La dernière édition parisienne du festival underground américain a révélé toute l'étendue des cultures afro-descendantes.

Un foisonnement de couleurs et de motifs influencé par l'Afrique
Né à Brooklyn en 2005, le festival alternatif Afropunk a essaimé aux quatre coins du monde, d'Atlanta à Londres, de Paris à Johannesburg en l'espace de treize ans. Présent pour la quatrième fois dans la capitale le week-end dernier, l'événement célèbre l'affirmation des cultures noires décomplexées et dénonce toutes formes de discriminations raciales, physiques ou sexuelles. « Ce mouvement traduit la volonté de dire que les Noirs ne sont pas associés à un type de musique en particulier », précise l'essayiste et documentariste Rokhaya Diallo qui a animé une des deux journées. « C'est une manifestation extrêmement bienveillante qui prône une forme de liberté que l'on croise dans le public », poursuit-elle. « J'adore m'apercevoir que le spectacle est autant parmi les festivaliers que sur scène, dans les looks des gens se dégagent quelque chose de spectaculaire. » Ouvert absolument à tout le monde, le succès de la formule repose sur un savant mélange d'une programmation musicale éclectique mêlée à la mode, l'art et la ripaille avec une vingtaine de food trucks.
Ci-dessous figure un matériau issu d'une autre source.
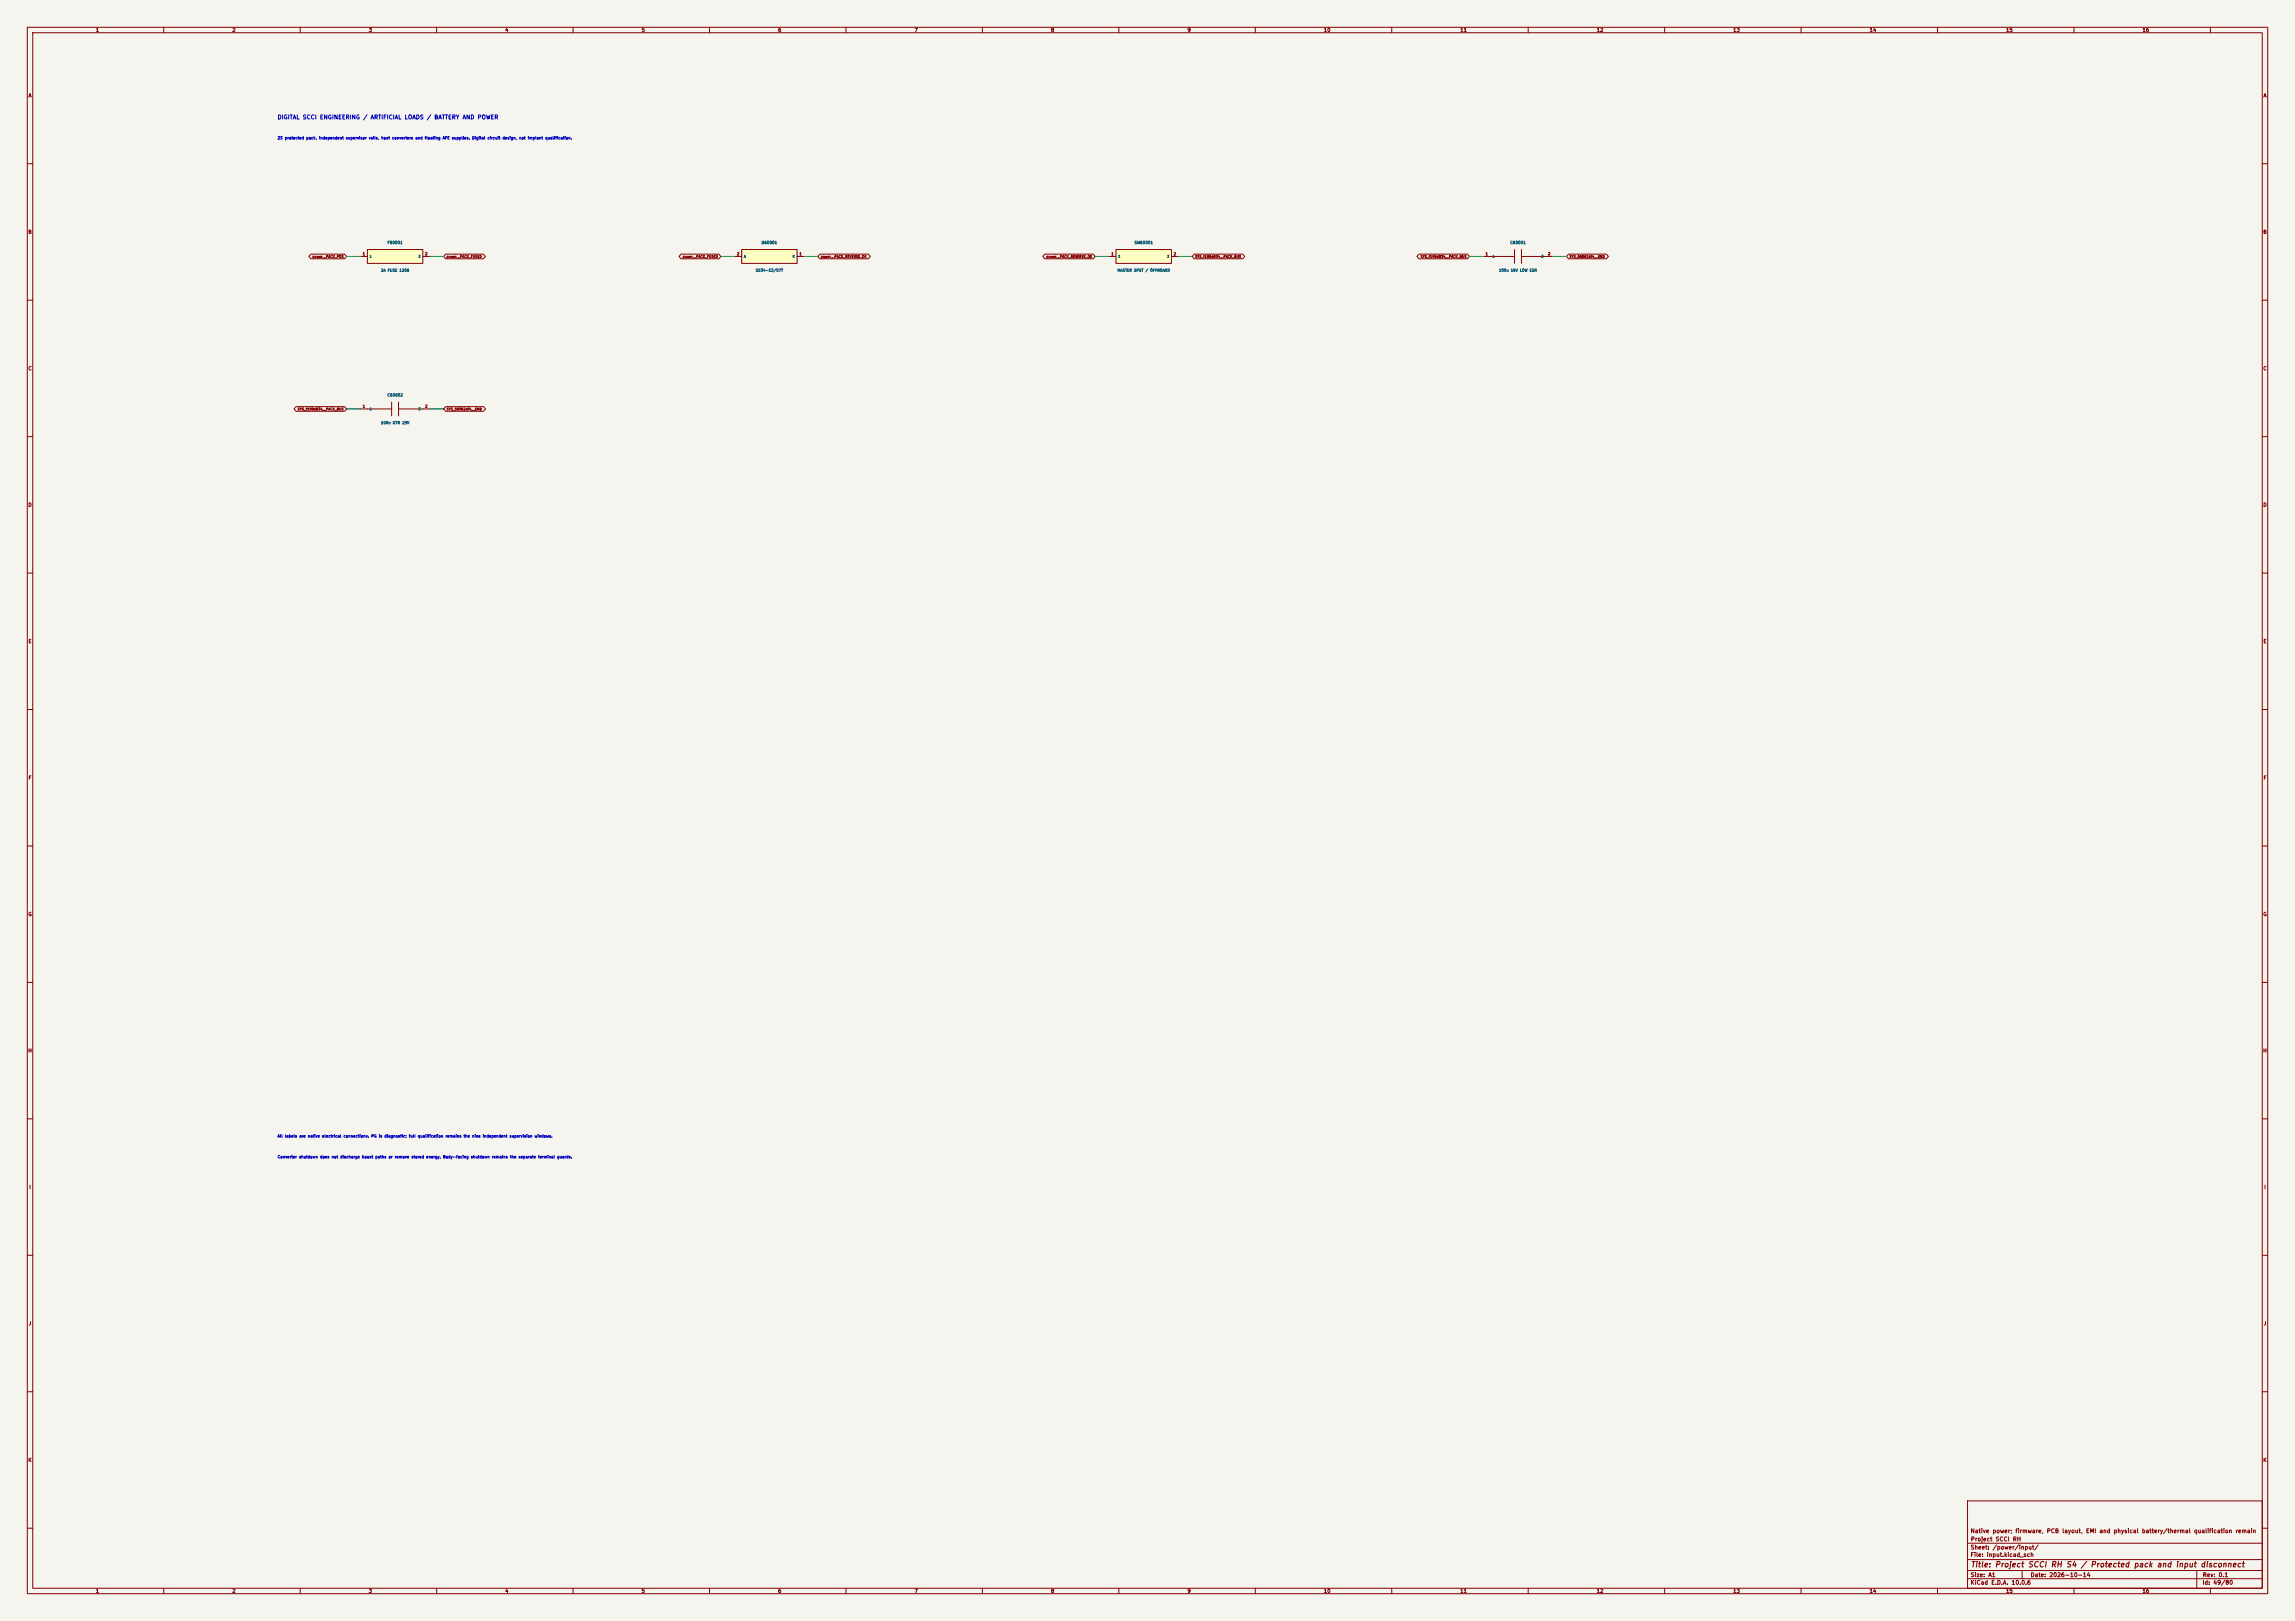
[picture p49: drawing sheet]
<svg xmlns="http://www.w3.org/2000/svg" width="841mm" height="594mm" viewBox="0 0 841 594" stroke-linecap="round" stroke-linejoin="round" font-family="sans-serif">
<defs><g id="words">
<text font-size="2" fill="#840000" x="722" y="574.8">Title: Project SCCI RH S4 / Protected pack and input disconnect</text>
<text font-size="1.5" fill="#0000c2" x="101.6" y="44.1">DIGITAL SCCI ENGINEERING / ARTIFICIAL LOADS / BATTERY AND POWER</text>
<g font-size="1.5" fill="#840000">
<text x="721.9" y="562.1">Native power; firmware, PCB layout, EMI and physical battery/thermal qualification remain</text>
<text x="721.9" y="568.1">Sheet: /power/input/</text>
<text x="722" y="565.1">Project SCCI RH</text>
<text x="721.9" y="570.8">File: input.kicad_sch</text>
<text x="721.9" y="581">KiCad E.D.A. 10.0.6</text>
<text x="721.9" y="578.2">Size: A1</text>
<text x="743.9" y="578.2">Date: 2026-10-14</text>
<text x="806.9" y="581">Id: 49/80</text>
<text x="807" y="578.2">Rev: 0.1</text>
</g>
<g font-size="1.3" fill="#840000">
<text x="35" y="12">1</text>
<text x="85" y="12">2</text>
<text x="135" y="12">3</text>
<text x="185" y="12">4</text>
<text x="235" y="12">5</text>
<text x="285" y="12">6</text>
<text x="335" y="12">7</text>
<text x="385" y="12">8</text>
<text x="435" y="12">9</text>
<text x="485" y="12">10</text>
<text x="535" y="12">11</text>
<text x="585" y="12">12</text>
<text x="635" y="12">13</text>
<text x="685" y="12">14</text>
<text x="735" y="12">15</text>
<text x="785" y="12">16</text>
<text x="10.3" y="36">A</text>
<text x="829.3" y="36">A</text>
<text x="10.2" y="86">B</text>
<text x="829.2" y="86">B</text>
<text x="10.2" y="136">C</text>
<text x="829.2" y="136">C</text>
<text x="10.2" y="186">D</text>
<text x="829.2" y="186">D</text>
<text x="10.3" y="236">E</text>
<text x="829.3" y="236">E</text>
<text x="10.3" y="286">F</text>
<text x="829.3" y="286">F</text>
<text x="10.2" y="336">G</text>
<text x="829.2" y="336">G</text>
<text x="10.2" y="386">H</text>
<text x="829.2" y="386">H</text>
<text x="10.6" y="436">I</text>
<text x="829.6" y="436">I</text>
<text x="10.4" y="486">J</text>
<text x="829.4" y="486">J</text>
<text x="10.2" y="536">K</text>
<text x="829.2" y="536">K</text>
<text x="35" y="584">1</text>
<text x="85" y="584">2</text>
<text x="135" y="584">3</text>
<text x="185" y="584">4</text>
<text x="235" y="584">5</text>
<text x="285" y="584">6</text>
<text x="335" y="584">7</text>
<text x="385" y="584">8</text>
<text x="435" y="584">9</text>
<text x="485" y="584">10</text>
<text x="535" y="584">11</text>
<text x="585" y="584">12</text>
<text x="635" y="584">13</text>
<text x="685" y="584">14</text>
<text x="735" y="584">15</text>
<text x="785" y="584">16</text>
</g>
<g font-size="1" fill="#0000c2">
<text x="101.6" y="51.3">2S protected pack, independent supervisor rails, host converters and floating AFE supplies. Digital circuit design, not implant qualification.</text>
<text x="101.6" y="417.1">All labels are native electrical connections. PG is diagnostic; full qualification remains the nine independent supervision windows.</text>
<text x="101.6" y="424.7">Converter shutdown does not discharge boost paths or remove stored energy. Body-facing shutdown remains the separate terminal guards.</text>
</g>
<g font-size="1" fill="#006464">
<text x="141.9" y="89.7">F60001</text>
<text x="279" y="89.7">D60001</text>
<text x="415.6" y="89.7">SW60001</text>
<text x="553.3" y="89.7">C60001</text>
<text x="139.5" y="99.8">2A FUSE 1206</text>
<text x="276.8" y="99.8">SS34-E3/57T</text>
<text x="409.4" y="99.8">MASTER SPST / OFFBOARD</text>
<text x="549.2" y="99.8">100u 16V LOW ESR</text>
<text x="141.8" y="145.5">C60002</text>
<text x="139.5" y="155.7">100n X7R 25V</text>
</g>
<g font-size="1" fill="#a90000">
<text x="132.8" y="93.8">1</text>
<text x="155.6" y="93.8">2</text>
<text x="269.9" y="93.8">2</text>
<text x="292.8" y="93.8">1</text>
<text x="407.1" y="93.8">1</text>
<text x="430" y="93.8">2</text>
<text x="544.3" y="93.8">1</text>
<text x="567.1" y="93.8">2</text>
<text x="132.8" y="149.7">1</text>
<text x="155.6" y="149.7">2</text>
</g>
<g font-size=".9" fill="#840000">
<text x="114.4" y="94.7">power__PACK_POS</text>
<text x="163.5" y="94.7">power__PACK_FUSED</text>
<text x="250.1" y="94.7">power__PACK_FUSED</text>
<text x="300.7" y="94.7">power__PACK_REVERSE_OK</text>
<text x="383.3" y="94.7">power__PACK_REVERSE_OK</text>
<text x="437.9" y="94.7">SYS_f199d834__PACK_BUS</text>
<text x="520.5" y="94.7">SYS_f199d834__PACK_BUS</text>
<text x="575" y="94.7">SYS_56562df4__GND</text>
<text x="109" y="150.6">SYS_f199d834__PACK_BUS</text>
<text x="163.5" y="150.6">SYS_56562df4__GND</text>
</g>
<g font-size=".9" fill="#006464">
<text x="135.3" y="94.6">1</text>
<text x="153.2" y="94.6">2</text>
<text x="272.5" y="94.6">A</text>
<text x="290.4" y="94.6">K</text>
<text x="409.7" y="94.6">1</text>
<text x="427.6" y="94.6">2</text>
<text x="546.8" y="94.6">1</text>
<text x="564.7" y="94.6">2</text>
<text x="135.3" y="150.5">1</text>
<text x="153.2" y="150.5">2</text>
</g>
</g></defs>
<path d="M0 0h841v594h-841z" fill="#f5f4ef" stroke="#f5f4ef" stroke-width=".37"/>
<g fill="none" stroke="#840000" stroke-width=".37">
<path d="M10 10h821v574h-821zM12 12h817v570h-817zM60 10v2M110 10v2M160 10v2M210 10v2M260 10v2M310 10v2M360 10v2M410 10v2M460 10v2M510 10v2"/>
<path d="M560 10v2M610 10v2M660 10v2M710 10v2M760 10v2M810 10v2M10 60h2M829 60h2M10 110h2M829 110h2M10 160h2M829 160h2"/>
<path d="M10 210h2M829 210h2M10 260h2M829 260h2M10 310h2M829 310h2M10 360h2M829 360h2M10 410h2M829 410h2M10 460h2M829 460h2"/>
<path d="M10 510h2M829 510h2M10 560h2M721 550h108v32h-108zM829 560h2M721 578.5h108M721 575.5h108M721 571.5h108M721 565.5h108M741 575.5v3M805 575.5v6.5M60 582v2"/>
<path d="M110 582v2M160 582v2M210 582v2M260 582v2M310 582v2M360 582v2M410 582v2M460 582v2M510 582v2M560 582v2M610 582v2M660 582v2"/>
<path d="M710 582v2M760 582v2M810 582v2"/>
</g>
<path d="M134.6 91.4h20.3v5.1h-20.3z" fill="#ffffc2"/>
<path d="M132.1 94h2.5M134.6 91.4h20.3v5.1h-20.3zM154.9 94h2.6" fill="none" stroke="#840000" stroke-width=".37"/>
<path d="M271.8 91.4h20.3v5.1h-20.3z" fill="#ffffc2"/>
<path d="M269.2 94h2.6M271.8 91.4h20.3v5.1h-20.3zM292.1 94h2.5" fill="none" stroke="#840000" stroke-width=".37"/>
<path d="M408.9 91.4h20.4v5.1h-20.4z" fill="#ffffc2"/>
<g fill="none" stroke="#840000" stroke-width=".37">
<path d="M113.9 93.1h12.4l.7 .9-.7 .8h-12.4l-.7-.8zM163.3 93.1h13.8l.8 .9-.8 .8h-13.8l-.7-.8zM249.6 93.1h13.8l.8 .9-.8 .8h-13.8l-.8-.8zM300.5 93.1h17.7l.7 .9-.7 .8h-17.7l-.8-.8zM382.8 93.1h17.8l.7 .9-.7 .8h-17.8l-.7-.8zM406.4 94h2.5M408.9 91.4h20.4v5.1h-20.4zM429.3 94h2.5M437.6 93.1h17.8l.7 .9-.7 .8h-17.8l-.7-.8zM520 93.1h17.7l.8 .9-.8 .8h-17.7l-.8-.8zM543.6 94h11.4M555 91.4v5.1"/>
<path d="M557.5 94h11.5M557.5 91.4v5.1M574.8 93.1h13.9l.7 .9-.7 .8h-13.9l-.8-.8zM108.5 149h17.8l.7 .9-.7 .8h-17.8l-.8-.8zM132.1 149.9h11.4M143.5 147.3v5.1M146 149.9h11.5M146 147.3v5.1M163.3 149h13.9l.7 .9-.7 .8h-13.9l-.7-.8z"/>
</g>
<path d="M127 94h5.1M157.5 94h5.1M264.2 94h5M294.6 94h5.1M401.3 94h5.1M431.8 94h5.1M538.5 94h5.1M569 94h5M127 149.9h5.1M157.5 149.9h5.1" fill="none" stroke="#009600" stroke-width=".37"/>
<use href="#words"/>
</svg>

Preuve du succès, la manifestation a déménagé du Trianon à La Villette l'année dernière et affichait complet pour cette édition avec 8 000 personnes aux styles vestimentaires pointus. Poids plume à côté du mastodonte new-yorkais et de ses 90 000 spectateurs, la déclinaison française attire déjà les voisins, du Benelux à la Grande-Bretagne, puisque près de 40 % du public est étranger.